Agricultural productivity, it warns, is likely to
decline substantially because of warmer temperatures and
shifting rainfall.
Murdoch University's Frank Murray, one of the GEO-4
report's authors, says one of the broad themes concerns
the relationship between humanity's wellbeing and
economic development, and how they largely depend on the
health of the environment. Murray, an environmental
scientist, was on the team that wrote the chapter on
atmosphere, including climate change, air pollution and
ozone depletion.
Murray used the Kuznets curve - devised by the Nobel
prize-winning economist Simon Kuznets - to explain how
the environment degrades as development proceeds. This
continues until a certain level of development is
reached and the general public - now mostly richer and
better educated - begins to agitate against air
pollution or water pollution. Agencies are then
established to control development and pollution. "Air
pollution and water pollution in the US is much lower
than it used to be," he says. "China is trying to clean
up Beijing, with (next year's) Olympics in mind."
Murray says the GEO-4 report is a flagship UNEP
publication that has taken a number of years to
research, write and edit. Various governments, he says,
did remove certain elements they didn't like, but that
simply meant the assessment was moved to a broader
regional level rather than an individual national level.
"Rarely is any individual government criticised in this
report," he says. "Countries are very sensitive about
being named adversely."
One of the big issues in the report, which has been
comprehensively addressed by other organisations, is
climate change. "Climate change is a major global
challenge," the report says. "Impacts are already
evident, and changes in water availability, food
security and sea-level rises are projected to
dramatically affect many millions of people. Drastic
steps are necessary."
The report ranks climate change as a global priority,
yet the authors note a "remarkable lack of urgency" and
a "woefully inadequate" global response.
Murray says change is on the way. Although very little
happened for many years, climate change has now been
recognised as a fact of life by ordinary people in
developed nations, and governments are responding to
community pressure. Remedies are possible, he says.
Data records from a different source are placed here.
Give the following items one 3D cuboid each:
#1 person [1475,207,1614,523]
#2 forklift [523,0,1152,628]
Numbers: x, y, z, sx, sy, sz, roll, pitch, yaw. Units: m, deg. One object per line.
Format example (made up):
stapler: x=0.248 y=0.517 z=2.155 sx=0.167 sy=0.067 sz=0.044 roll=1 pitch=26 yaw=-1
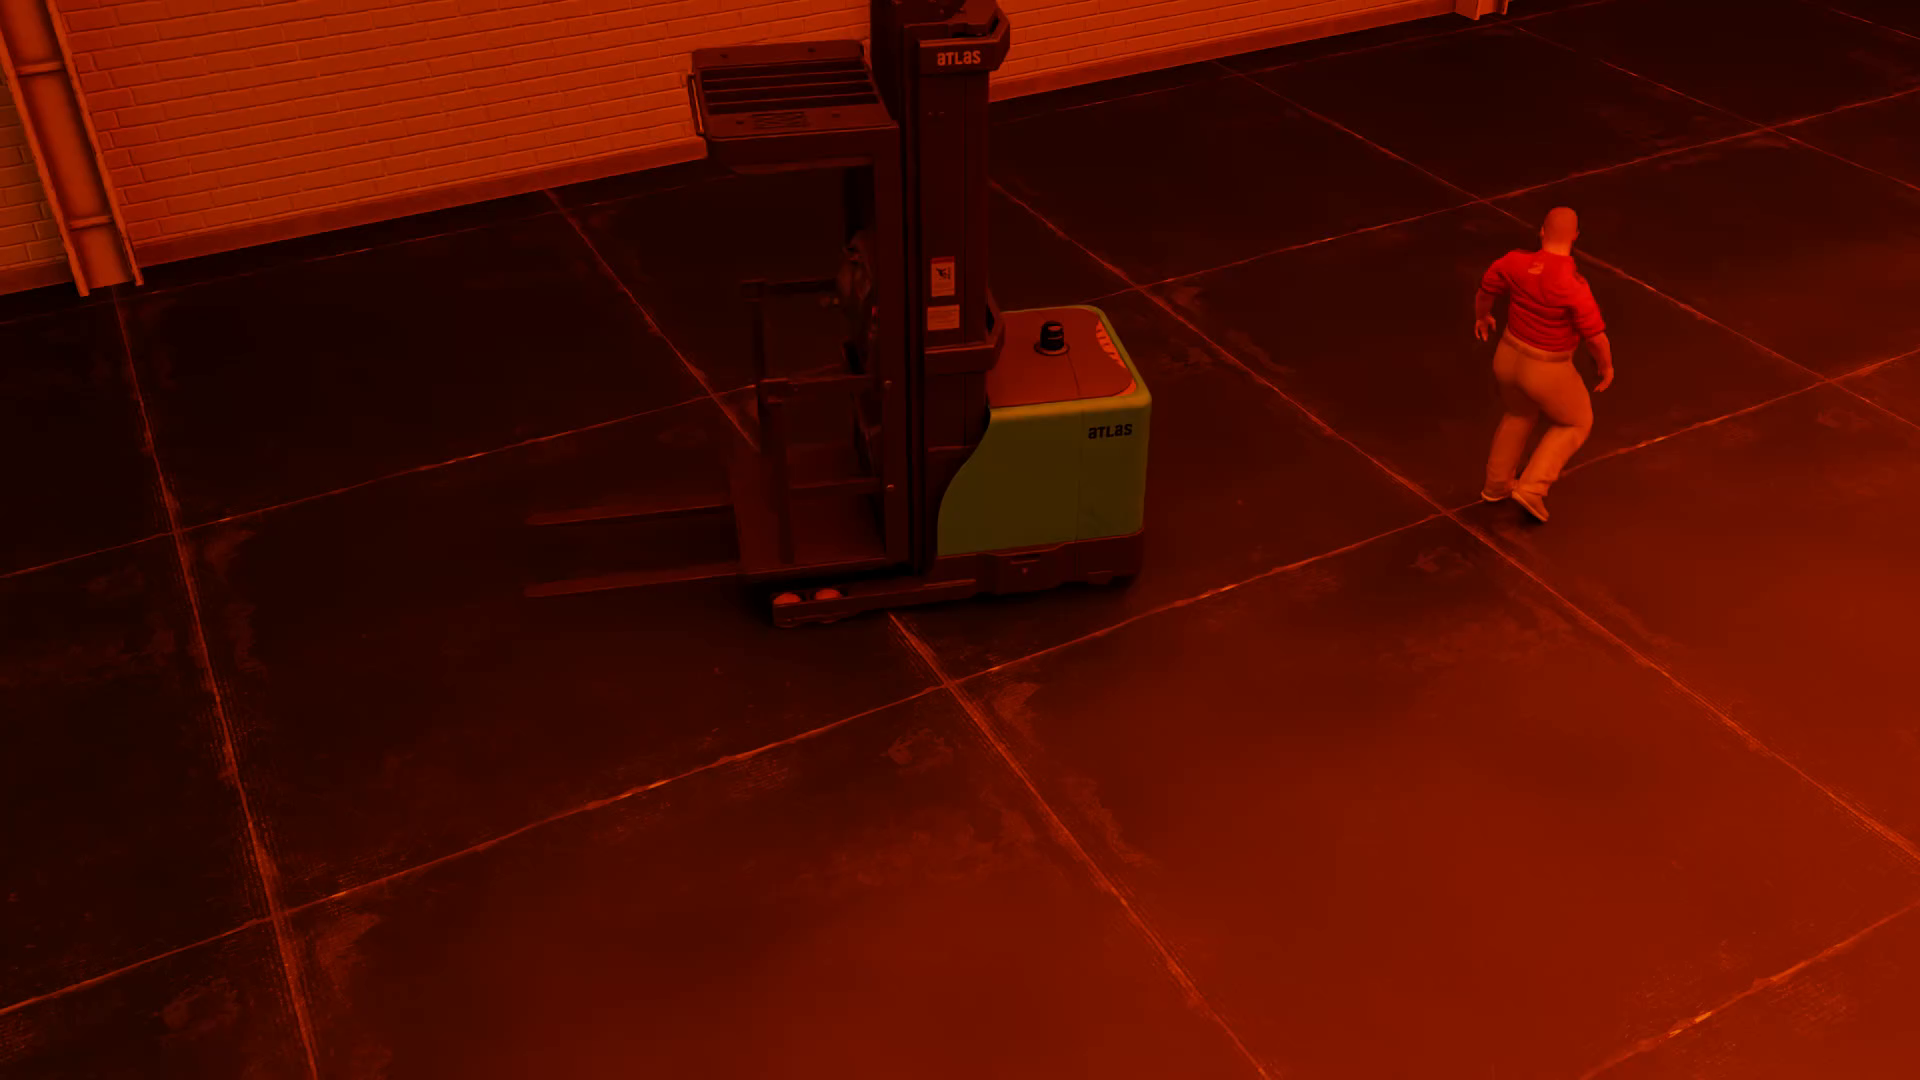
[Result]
person: x=2.934 y=-0.914 z=8.511 sx=0.479 sy=1.724 sz=0.801 roll=-19 pitch=40 yaw=-25
forklift: x=-0.653 y=-1.103 z=7.684 sx=3.031 sy=2.935 sz=1.130 roll=-6 pitch=36 yaw=-9

Ozone depletion, for instance, has been halted by global
action to ban chlorofluorocarbons.
Cocklin is less sanguine and he is doubts whether
relying on governments to effect change is a good idea.
"We certainly can't look to politicians for leadership
on climate change," he says. "The leadership, if it's
anywhere, has come from the private sector."
Ominously, UNEP warns that some of the damage resulting
from the world's most persistent problems could be
irreversible. Tackling the underlying causes of
environmental problems, the GEO-4 report says, often
means dealing with the vested interests of powerful
groups that can influence policy decisions.
"Our common future," the report says, "depends on our
actions today, not tomorrow or some time in the future."